The new PCN DES- What is it and should I be worried?

The new PCN DES- What is it and should I be worried?
posted 06 February 2020 in category General

This winter has brought an additional challenge for general practice. It appeared in the form of the draft outline of the Network Contract Direct Enhanced Service (the DES, for short).  

The DES was published in December 2019, ahead of rollout from April 2020, and has caused plenty of concern. And yet it could be a step closer to the holy grail: making everyone who works in general practice less busy, eventually, or at least containing rising workloads. 

The DES aims for real change through the introduction of Primary Care Networks (PCNs). A PCN is a group of general practices banding together with other local community services to provide care collaboratively. PCNs will receive additional funding to hire new roles. They will also, however, be expected to deliver seven new service specifications:  

  • Structured Medication Reviews and Optimisation 

  • Enhanced Health in Care Homes (jointly with community services providers) 

  • Anticipatory Care (jointly with community services providers) 

  • Personalised Care 

  • Supporting Early Cancer Diagnosis 

  • Cardiovascular disease case-finding  

  • Locally agreed action to tackle inequalities 

Many people are, understandably, worried about this. The DES states that ‘there has been an enthusiastic response to PCNs across the country: over 99% of practices have signed up to participating’. This is true, but with so much funding tied into the new arrangements, they would be difficult to turn down. We hear during our work with clients and partners that some GPs have concerns about the level of clinical and financial responsibility they are adopting as the new leaders of large organisations, rather than of just their own practices. They also worry about the amount of time it will take to set up yet another organisational structure, when they do not have enough to do their day jobs as it is. They feel that, as part of a larger network, they will lose the autonomy they currently value in their roles. And some patients are worried they will lose their personal connection with their local GP practice, and will no longer be able to see their preferred doctor. 

PCNs are designed to be centred around a local population of 30,000 – 50,000, so the local connection should remain strong. Arguably, PCNs should also give general practice a stronger voice in the health and care system than any individual practice could have alone. At a time when many small practices are closing, working in PCNs may also allow GPs to preserve their autonomy as individual practices, whereas alternative models of primary care at scale might require GPs to join providers as salaried employees. 

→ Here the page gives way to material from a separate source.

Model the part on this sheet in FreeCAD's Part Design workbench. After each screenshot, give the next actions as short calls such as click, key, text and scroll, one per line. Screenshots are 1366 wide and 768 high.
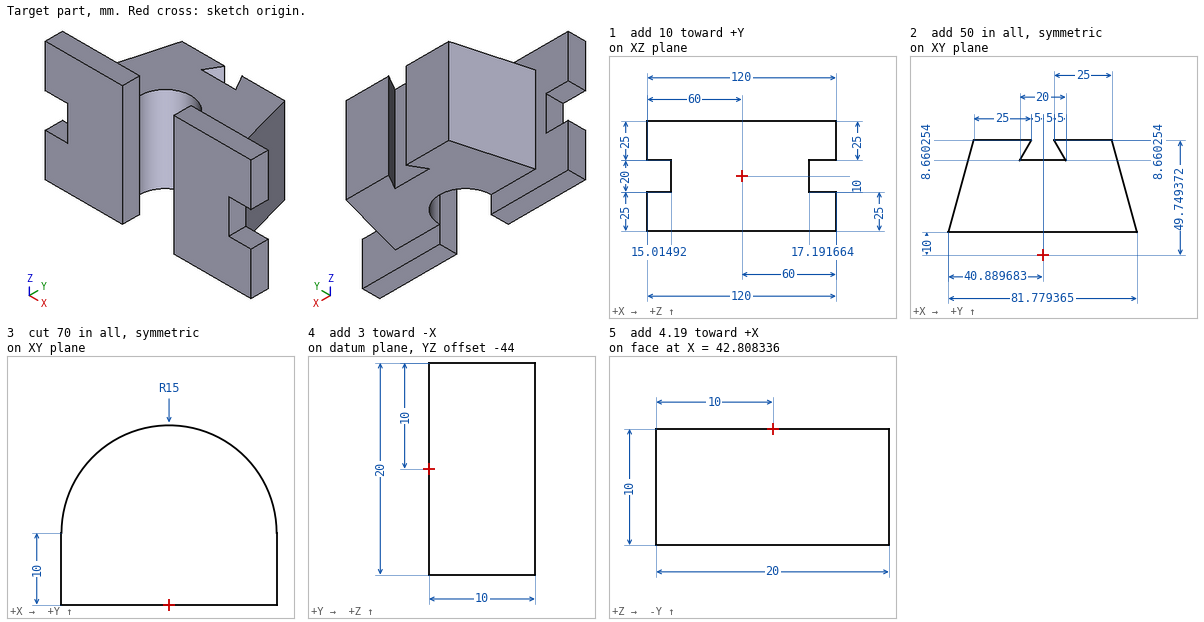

Practitioners and patients are nevertheless right to be worried about finding the time to actually do all this. The Kings Fund has warned that ‘the scale and complexity of the implementation and leadership challenge should not be underestimated’. Although GP practices in many areas have experience of collaboration through working in networks or federations, and in ICS development, delivering all primary care services as one integrated system will be a step change. And all the other ongoing challenges – recruitment, retention, workload, rising incidence of complex long-term conditions – will need continual attention, of course, while change is implemented at the same time.  

With additional resource (as promised in the DES), and real commitment on the ground, however, implementation successes are possible. We can see this by looking at the most pertinent precursor to the PCN rollout, the Primary Care Home model (PCH). Some areas have seen real improvements since integrating, such as St Austell in Cornwall. In St Austell, one of the four practices in the town was struggling financially and had to hand back its contract. To deal with the resulting influx of patients, the other three merged into a PCH. Collaborating allowed the PCH to address old challenges in new ways, such as tackling inactivity through social prescribing. The PCH’s social prescribing was popular and expanded. It now includes a community matron, a social prescribing navigator, and services ranging from horticulture to art to employment support. GPs in the practices report that forming the PCH has been ‘an overwhelmingly positive experience’.   

Given the level of pressure in the system at present, we feel that it is more important than ever to realise the opportunities contained the next phase of the integration agenda. We will be working closely with our clients in the run up to April 2020 and beyond to support them to make the best of becoming PCNs. And we recommend reading the DES yourself in the meantime, if you get a minute, whatever your role in the system is. Because it will take everyone – doctors, practice managers, nurses, pharmacists and more – to make PCNs a success.